TASK TO CARRY OUT >> Your task is to repeat the entries word for word while leaving out the pictures.

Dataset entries
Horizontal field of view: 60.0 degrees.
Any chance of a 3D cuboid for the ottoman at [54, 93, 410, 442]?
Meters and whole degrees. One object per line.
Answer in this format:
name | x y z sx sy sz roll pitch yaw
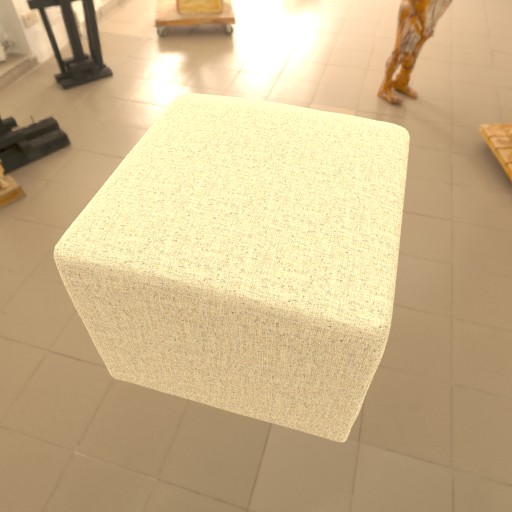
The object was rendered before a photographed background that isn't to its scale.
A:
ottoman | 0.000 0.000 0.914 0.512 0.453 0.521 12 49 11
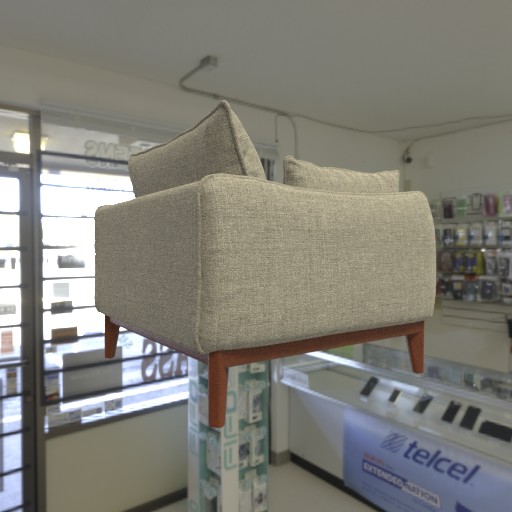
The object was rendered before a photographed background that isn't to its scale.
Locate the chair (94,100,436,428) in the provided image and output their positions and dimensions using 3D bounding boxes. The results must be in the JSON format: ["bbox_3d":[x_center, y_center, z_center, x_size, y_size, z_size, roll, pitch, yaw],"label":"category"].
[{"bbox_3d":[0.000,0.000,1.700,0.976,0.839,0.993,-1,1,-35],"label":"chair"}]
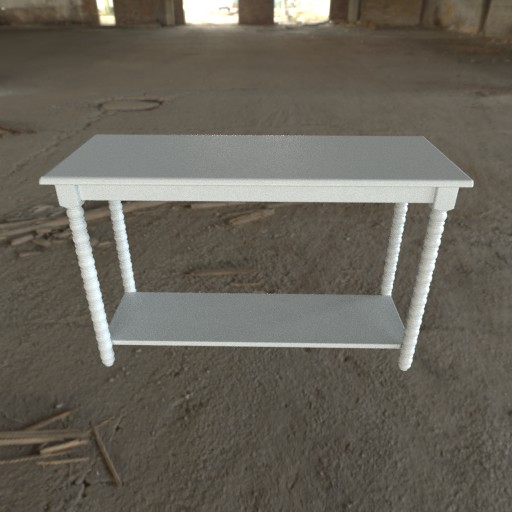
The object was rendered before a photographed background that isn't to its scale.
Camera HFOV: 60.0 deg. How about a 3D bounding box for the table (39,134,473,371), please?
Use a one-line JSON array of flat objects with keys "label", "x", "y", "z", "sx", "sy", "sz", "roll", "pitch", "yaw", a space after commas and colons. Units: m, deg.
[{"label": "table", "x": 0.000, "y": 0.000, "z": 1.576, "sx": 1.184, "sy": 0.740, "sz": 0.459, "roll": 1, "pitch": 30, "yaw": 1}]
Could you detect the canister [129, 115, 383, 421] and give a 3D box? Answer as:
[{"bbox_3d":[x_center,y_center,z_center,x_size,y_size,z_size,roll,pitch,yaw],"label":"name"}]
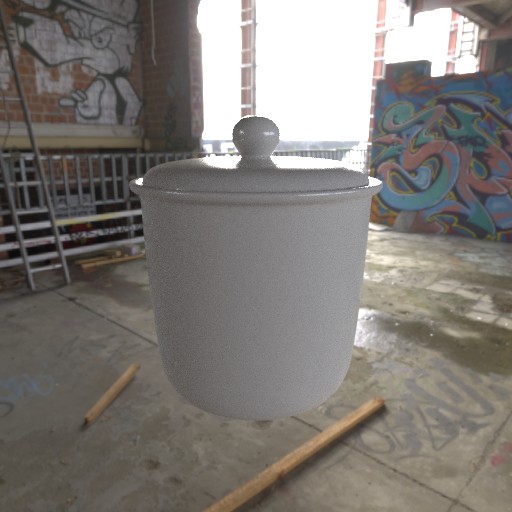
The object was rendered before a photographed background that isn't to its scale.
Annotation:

EXERCISE SOLUTION >>
Horizontal field of view: 60.0 degrees.
Any chance of a 3D cuboid for the ottoman at [54, 93, 410, 442]?
Meters and whole degrees. One object per line.
Answer in this format:
name | x y z sx sy sz roll pitch yaw
The object was rendered before a photographed background that isn't to its scale.
A:
ottoman | 0.000 0.000 0.914 0.512 0.453 0.521 12 49 11
The object was rendered before a photographed background that isn't to its scale.
Locate the chair (94,100,436,428) in the provided image and output their positions and dimensions using 3D bounding boxes. The results must be in the JSON format: ["bbox_3d":[x_center, y_center, z_center, x_size, y_size, z_size, roll, pitch, yaw],"label":"category"].
[{"bbox_3d":[0.000,0.000,1.700,0.976,0.839,0.993,-1,1,-35],"label":"chair"}]
The object was rendered before a photographed background that isn't to its scale.
Camera HFOV: 60.0 deg. How about a 3D bounding box for the table (39,134,473,371), please?
Use a one-line JSON array of flat objects with keys "label", "x", "y", "z", "sx", "sy", "sz", "roll", "pitch", "yaw", a space after commas and colons. Units: m, deg.
[{"label": "table", "x": 0.000, "y": 0.000, "z": 1.576, "sx": 1.184, "sy": 0.740, "sz": 0.459, "roll": 1, "pitch": 30, "yaw": 1}]
Could you detect the canister [129, 115, 383, 421] and give a 3D box? Answer as:
[{"bbox_3d":[x_center,y_center,z_center,x_size,y_size,z_size,roll,pitch,yaw],"label":"name"}]
The object was rendered before a photographed background that isn't to its scale.
Annotation:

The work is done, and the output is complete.